I turned on the table lamp, then squinted past her to the nightstand on the other side.
 
I blinked in disbelief at what I saw there.
 
Noticing my shocked expression, Julie turned her head toward what I now stared at fixedly.
 
Then she looked back at me, and met my gaze, her eyes own widening.

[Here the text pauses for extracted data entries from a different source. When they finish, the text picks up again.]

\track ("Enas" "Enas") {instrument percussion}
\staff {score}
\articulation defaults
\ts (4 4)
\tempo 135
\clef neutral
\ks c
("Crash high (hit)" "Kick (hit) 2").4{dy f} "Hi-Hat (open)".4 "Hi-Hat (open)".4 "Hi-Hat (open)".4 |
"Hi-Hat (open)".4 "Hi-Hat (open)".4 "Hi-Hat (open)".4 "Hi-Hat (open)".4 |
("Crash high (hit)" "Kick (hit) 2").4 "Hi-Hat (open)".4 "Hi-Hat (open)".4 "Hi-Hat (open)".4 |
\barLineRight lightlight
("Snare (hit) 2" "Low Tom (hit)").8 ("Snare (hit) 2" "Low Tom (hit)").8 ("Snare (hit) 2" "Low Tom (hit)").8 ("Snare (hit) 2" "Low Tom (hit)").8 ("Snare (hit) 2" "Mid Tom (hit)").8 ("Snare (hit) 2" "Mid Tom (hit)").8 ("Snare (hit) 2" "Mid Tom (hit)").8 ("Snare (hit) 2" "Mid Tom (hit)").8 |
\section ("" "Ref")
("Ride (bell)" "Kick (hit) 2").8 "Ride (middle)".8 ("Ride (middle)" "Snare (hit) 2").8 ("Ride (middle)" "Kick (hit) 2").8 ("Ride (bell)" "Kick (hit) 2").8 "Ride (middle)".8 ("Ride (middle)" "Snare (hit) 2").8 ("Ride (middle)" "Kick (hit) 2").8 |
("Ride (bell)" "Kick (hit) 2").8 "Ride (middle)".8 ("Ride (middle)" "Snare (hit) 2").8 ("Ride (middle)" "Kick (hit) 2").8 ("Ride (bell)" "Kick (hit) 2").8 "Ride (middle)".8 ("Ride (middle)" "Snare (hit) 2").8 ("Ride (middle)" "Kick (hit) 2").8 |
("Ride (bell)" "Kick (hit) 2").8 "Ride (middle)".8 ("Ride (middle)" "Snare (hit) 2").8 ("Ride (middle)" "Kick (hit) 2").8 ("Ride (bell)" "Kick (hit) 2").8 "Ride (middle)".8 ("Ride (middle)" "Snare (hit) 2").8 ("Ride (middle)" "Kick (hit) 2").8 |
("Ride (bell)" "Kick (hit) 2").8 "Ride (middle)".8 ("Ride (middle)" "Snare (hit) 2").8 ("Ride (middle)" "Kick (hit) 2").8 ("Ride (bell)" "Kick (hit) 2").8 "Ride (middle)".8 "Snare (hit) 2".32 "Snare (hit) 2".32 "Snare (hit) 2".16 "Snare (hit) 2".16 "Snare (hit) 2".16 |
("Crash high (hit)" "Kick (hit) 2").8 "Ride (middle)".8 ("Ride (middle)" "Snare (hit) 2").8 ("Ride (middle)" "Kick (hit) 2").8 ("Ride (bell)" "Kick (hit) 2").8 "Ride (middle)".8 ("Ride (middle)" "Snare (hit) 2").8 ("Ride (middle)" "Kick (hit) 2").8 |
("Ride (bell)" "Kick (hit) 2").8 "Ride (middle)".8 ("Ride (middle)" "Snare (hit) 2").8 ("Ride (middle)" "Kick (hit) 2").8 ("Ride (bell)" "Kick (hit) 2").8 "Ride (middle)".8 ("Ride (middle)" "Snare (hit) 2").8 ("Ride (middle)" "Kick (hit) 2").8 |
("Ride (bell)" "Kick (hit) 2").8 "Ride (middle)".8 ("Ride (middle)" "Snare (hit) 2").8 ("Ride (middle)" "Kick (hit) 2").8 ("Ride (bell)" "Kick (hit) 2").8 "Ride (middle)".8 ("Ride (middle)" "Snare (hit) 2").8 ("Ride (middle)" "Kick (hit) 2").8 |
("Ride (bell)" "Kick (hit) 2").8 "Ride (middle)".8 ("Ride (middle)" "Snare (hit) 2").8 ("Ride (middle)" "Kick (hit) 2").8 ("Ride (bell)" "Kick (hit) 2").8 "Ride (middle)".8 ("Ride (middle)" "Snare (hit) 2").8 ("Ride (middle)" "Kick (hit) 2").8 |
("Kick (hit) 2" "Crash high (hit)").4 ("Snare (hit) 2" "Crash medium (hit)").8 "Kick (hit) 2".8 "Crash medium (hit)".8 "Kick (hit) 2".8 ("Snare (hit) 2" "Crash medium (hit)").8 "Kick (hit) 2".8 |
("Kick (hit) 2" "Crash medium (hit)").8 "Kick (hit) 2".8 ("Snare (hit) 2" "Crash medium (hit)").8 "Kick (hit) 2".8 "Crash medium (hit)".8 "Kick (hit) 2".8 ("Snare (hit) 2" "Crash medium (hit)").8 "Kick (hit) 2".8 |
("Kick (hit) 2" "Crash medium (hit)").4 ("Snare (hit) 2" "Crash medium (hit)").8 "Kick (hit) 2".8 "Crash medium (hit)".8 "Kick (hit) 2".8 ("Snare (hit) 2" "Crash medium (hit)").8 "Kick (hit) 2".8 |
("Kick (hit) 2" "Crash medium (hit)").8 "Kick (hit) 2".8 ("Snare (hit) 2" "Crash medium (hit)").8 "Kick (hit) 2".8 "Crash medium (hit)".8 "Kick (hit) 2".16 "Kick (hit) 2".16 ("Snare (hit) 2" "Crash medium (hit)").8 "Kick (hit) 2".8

“That glass,” I said, “is it half full . . . or half empty?”

“I . . . I'm sorry,” she replied.
 
“I . . . I must have . . . have gotten up, middle of the night.
 
Thirsty.”

“Oh Julie . . . no.”

“I wasn't thinking.”

“No.”

“It's out of habit.
 
It was an accident!”

“Oh God.
 
Maybe . . .”

“What?”

“Maybe it wasn't enough to . . .”

“To what?”

“How do you feel?”

“Feel?
 
I feel fine.
 
Happy, until now.
 
It's not the water.
 
We're not even sure this is connected to the drinking water anymore, remember?”
 
She paused, uncertainly.
 
“How much would I have to drink to be affected, did you say?”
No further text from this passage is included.